::: AVAILABLE DATA

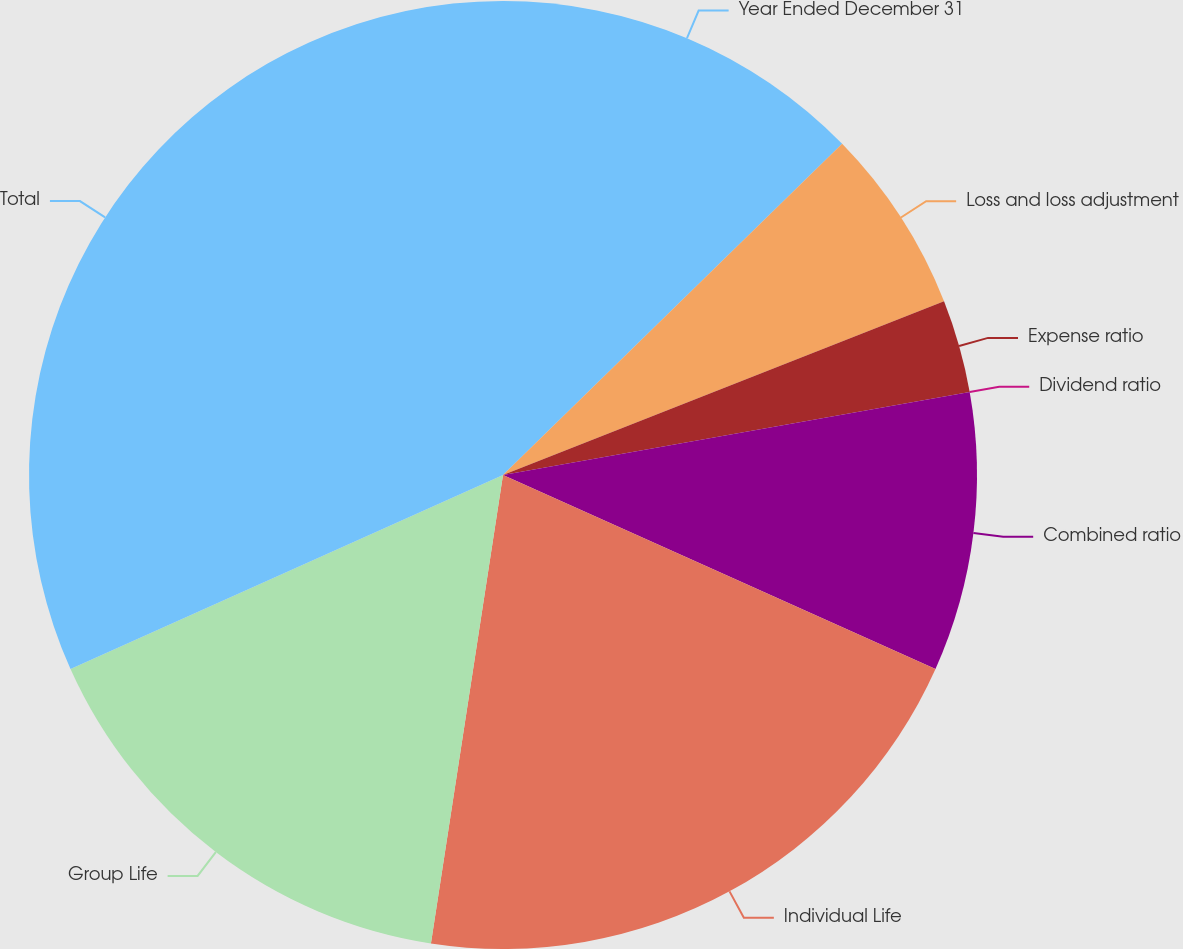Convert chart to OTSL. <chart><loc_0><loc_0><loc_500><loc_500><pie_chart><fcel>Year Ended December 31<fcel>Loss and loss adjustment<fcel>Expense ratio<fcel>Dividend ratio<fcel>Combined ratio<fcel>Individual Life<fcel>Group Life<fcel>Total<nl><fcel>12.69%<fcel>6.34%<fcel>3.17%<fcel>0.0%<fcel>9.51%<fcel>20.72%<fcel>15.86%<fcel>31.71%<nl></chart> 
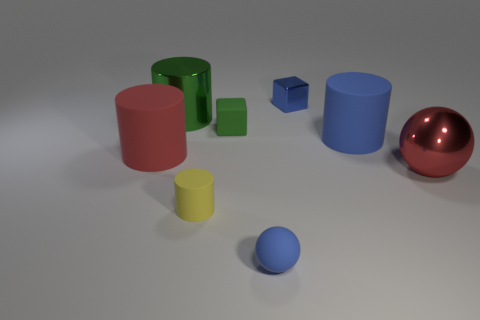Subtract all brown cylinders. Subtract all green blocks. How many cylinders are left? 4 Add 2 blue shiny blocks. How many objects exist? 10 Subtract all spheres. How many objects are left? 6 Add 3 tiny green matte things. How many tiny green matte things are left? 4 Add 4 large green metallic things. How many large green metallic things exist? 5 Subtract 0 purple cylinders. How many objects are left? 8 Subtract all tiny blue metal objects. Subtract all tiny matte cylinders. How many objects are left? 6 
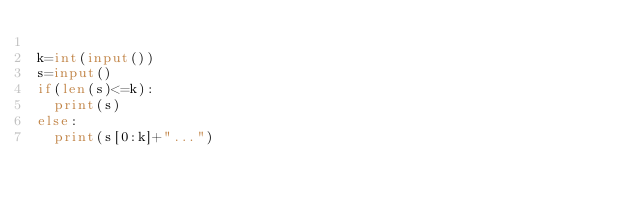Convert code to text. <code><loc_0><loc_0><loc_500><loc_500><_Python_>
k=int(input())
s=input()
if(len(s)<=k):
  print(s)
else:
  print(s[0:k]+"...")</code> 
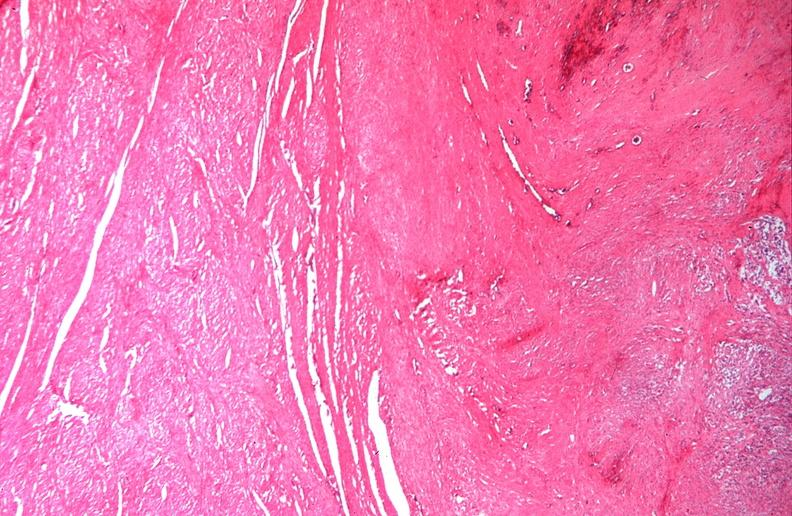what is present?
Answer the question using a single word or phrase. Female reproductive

::::::

From the first line to the last, return the records exactly and leave the pictures behind.

Convert chart to OTSL. <chart><loc_0><loc_0><loc_500><loc_500><pie_chart><fcel>Year Ended December 31<fcel>Loss and loss adjustment<fcel>Expense ratio<fcel>Dividend ratio<fcel>Combined ratio<fcel>Individual Life<fcel>Group Life<fcel>Total<nl><fcel>12.69%<fcel>6.34%<fcel>3.17%<fcel>0.0%<fcel>9.51%<fcel>20.72%<fcel>15.86%<fcel>31.71%<nl></chart> 
Subtract all brown cylinders. Subtract all green blocks. How many cylinders are left? 4 Add 2 blue shiny blocks. How many objects exist? 10 Subtract all spheres. How many objects are left? 6 Add 3 tiny green matte things. How many tiny green matte things are left? 4 Add 4 large green metallic things. How many large green metallic things exist? 5 Subtract 0 purple cylinders. How many objects are left? 8 Subtract all tiny blue metal objects. Subtract all tiny matte cylinders. How many objects are left? 6 
Convert code to text. <code><loc_0><loc_0><loc_500><loc_500><_Python_>
k=int(input())
s=input()
if(len(s)<=k):
  print(s)
else:
  print(s[0:k]+"...")</code> 
what is present?
Answer the question using a single word or phrase. Female reproductive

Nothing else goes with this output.